One of the oldest and most beautiful train stations in Thailand, Hua Hin Railway Station is well worth a visit to see its pretty Royal Waiting Room, which used to welcome King Rama VI. The wooden building was originally a royal pavilion located in the Sanamchan Palace in Nakom Pathom and was moved to Hua Hin in 1968. The Thai-style design is similar to the Maruekkhathayawan Palace - another must-see attraction for taking photos in Hua Hin. Behind the station you'll find the Royal Hua Hin Golf Course, which was the first to be built in Thailand.
Image: takumi.412. Used under Creative Commons Licence CC BY 2.0.
With a striking mint-green exterior and large dome that was reportedly designed by Gustave Eiffel, the CFM Railway Station in the Mozambique capital of Maputo is a fine example of colonial-style architecture built in the 20th century. Historic steam locomotives are on show at the station and modern trains stop here daily. Be sure to check out the Chez Rangel jazz cafe inside the station, which is a popular night spot in the city. On most weekends you can enjoy live music or choose from the large collection of old jazz gramophone records.
Image: MauritsV. Used under Creative Commons Licence CC BY 2.0.
Looking for the train station with the most amazing view? Visit Mexico's Divisadero Barrancas, where the descent to the Urique River begins. The station is a stop off for the Copper Canyon train that takes passengers along one of the world's deepest canyons. Here you can admire the Tararecua, Urique and Del Cobre ravines, pose for photos at the canyon edge, and even try staring down into it, if you're brave enough! Be sure to grab a tortilla at the station once you've taken in the views - they're freshly cooked by Tarahumara Indians.
Turkey's busiest railway station Haydarpasa Terminal is also one of the country's architectural wonders, built on 1,100 wooden beams and surrounded by the sea on three sides. The neo-classical, castle-like structure in Istanbul's Kadikoy district was built in 1908 as a gift to the Sultan Abdulhamid II by his German ally Kaiser Wilhelm II. German and Italian stonemasons crafted the stunning facade, which consists of textured sandstone and a steep pitched roof. As well as welcoming passengers arriving in Istanbul from Anatolia, the station has its own ferry dock.

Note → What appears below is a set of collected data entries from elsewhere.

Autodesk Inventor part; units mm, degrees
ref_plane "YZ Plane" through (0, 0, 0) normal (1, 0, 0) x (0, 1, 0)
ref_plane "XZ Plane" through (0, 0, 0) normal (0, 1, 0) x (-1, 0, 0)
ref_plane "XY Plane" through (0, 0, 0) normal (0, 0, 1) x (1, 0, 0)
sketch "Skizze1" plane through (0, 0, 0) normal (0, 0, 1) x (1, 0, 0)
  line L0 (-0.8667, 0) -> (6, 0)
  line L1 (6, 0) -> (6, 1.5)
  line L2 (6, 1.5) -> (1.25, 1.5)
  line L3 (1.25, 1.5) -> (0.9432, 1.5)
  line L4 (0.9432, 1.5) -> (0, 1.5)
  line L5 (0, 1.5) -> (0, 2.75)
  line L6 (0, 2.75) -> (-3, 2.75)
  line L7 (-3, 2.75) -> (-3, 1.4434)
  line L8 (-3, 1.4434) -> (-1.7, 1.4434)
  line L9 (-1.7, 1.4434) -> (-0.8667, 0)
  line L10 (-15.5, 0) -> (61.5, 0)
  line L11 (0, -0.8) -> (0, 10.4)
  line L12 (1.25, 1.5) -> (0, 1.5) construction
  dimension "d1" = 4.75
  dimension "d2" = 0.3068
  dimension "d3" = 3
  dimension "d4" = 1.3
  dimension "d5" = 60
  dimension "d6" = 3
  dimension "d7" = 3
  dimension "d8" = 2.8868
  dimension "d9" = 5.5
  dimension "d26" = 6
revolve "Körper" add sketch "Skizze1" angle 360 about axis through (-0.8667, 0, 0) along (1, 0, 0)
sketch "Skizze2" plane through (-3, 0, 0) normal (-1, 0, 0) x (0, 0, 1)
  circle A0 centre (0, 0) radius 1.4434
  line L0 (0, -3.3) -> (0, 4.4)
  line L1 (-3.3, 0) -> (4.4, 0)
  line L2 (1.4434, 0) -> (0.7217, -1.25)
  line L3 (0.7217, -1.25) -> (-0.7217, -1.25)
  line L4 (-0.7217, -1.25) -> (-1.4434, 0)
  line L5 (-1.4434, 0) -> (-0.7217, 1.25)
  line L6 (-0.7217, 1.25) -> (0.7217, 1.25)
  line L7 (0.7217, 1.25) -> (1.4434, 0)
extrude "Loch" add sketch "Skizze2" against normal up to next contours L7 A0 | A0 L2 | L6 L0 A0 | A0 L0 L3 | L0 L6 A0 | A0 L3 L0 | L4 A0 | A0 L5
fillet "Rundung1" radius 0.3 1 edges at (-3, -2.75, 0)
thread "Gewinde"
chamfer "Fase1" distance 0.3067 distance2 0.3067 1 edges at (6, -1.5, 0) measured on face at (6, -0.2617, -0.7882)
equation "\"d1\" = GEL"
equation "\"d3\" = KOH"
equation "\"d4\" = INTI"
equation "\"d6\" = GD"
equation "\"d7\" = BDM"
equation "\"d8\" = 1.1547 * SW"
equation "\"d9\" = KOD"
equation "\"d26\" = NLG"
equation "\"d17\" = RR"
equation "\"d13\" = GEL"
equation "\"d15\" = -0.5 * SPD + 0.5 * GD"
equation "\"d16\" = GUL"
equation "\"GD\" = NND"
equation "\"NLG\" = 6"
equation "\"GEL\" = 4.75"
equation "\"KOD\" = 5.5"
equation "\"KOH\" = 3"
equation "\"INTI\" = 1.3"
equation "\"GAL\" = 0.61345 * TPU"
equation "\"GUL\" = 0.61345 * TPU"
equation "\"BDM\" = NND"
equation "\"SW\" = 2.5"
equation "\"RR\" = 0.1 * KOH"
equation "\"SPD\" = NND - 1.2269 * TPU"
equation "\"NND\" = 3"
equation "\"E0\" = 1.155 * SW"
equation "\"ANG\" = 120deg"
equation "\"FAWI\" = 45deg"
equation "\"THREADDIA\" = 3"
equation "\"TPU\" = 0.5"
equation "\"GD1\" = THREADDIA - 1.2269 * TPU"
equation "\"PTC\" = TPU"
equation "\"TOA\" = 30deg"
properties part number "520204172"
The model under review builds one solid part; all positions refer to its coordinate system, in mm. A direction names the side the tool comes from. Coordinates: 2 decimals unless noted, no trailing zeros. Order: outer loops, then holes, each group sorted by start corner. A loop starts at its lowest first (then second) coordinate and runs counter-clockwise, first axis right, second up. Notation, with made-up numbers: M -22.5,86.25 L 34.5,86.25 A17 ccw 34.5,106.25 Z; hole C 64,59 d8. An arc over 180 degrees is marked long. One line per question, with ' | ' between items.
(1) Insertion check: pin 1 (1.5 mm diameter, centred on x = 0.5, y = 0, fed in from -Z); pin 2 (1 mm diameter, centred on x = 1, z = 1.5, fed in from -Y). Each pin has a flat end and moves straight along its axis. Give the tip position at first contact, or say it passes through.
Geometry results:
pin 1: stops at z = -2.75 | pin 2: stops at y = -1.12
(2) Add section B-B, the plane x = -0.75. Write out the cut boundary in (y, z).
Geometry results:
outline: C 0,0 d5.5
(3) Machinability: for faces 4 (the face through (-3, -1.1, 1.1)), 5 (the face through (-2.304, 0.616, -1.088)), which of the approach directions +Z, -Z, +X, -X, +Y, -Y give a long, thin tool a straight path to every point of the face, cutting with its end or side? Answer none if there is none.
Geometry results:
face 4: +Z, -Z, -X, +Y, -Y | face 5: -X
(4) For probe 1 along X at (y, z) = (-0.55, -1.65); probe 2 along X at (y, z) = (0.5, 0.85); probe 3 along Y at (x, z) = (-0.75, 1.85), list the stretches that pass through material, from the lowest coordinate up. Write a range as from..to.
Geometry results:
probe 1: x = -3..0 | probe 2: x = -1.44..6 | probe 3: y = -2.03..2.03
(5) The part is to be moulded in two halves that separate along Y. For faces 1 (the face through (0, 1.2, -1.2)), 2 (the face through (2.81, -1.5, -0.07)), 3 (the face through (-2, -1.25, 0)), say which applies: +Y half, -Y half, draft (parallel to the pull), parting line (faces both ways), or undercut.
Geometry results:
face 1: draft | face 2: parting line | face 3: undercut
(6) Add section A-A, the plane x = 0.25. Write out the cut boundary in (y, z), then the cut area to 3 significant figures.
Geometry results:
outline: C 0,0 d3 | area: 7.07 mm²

The futuristic design of the Tsuzumi Gate at Kanazawa Station caused controversy when it was unveiled in 2005, due to it clashing with the traditional architecture of one of Japan's best-preserved castle towns. The modern entrance designed in the style of a hand drum and the Motenashi Dome, which was also revealed in 2005, have been popular with photographers and tourists in Kanazawa. The fountain in front of the station is another must-see as it has a digital-style clock displaying the time using water to form the digits.
Ever seen a jungle in a train station? Head to Madrid's Atocha station, where you can check out its lush rainforest in an old cast-iron and glass building while you wait for your train leaving from the new terminal next door. The old terminal dates back to 1892 when it was redesigned by Alberto de Palacio Elissagne and Gustave Eiffel after a fire destroyed the original building. If relaxing among exotic trees and plants isn't enough, the historic building is also home to birds and turtles, shops, restaurants and a nightclub!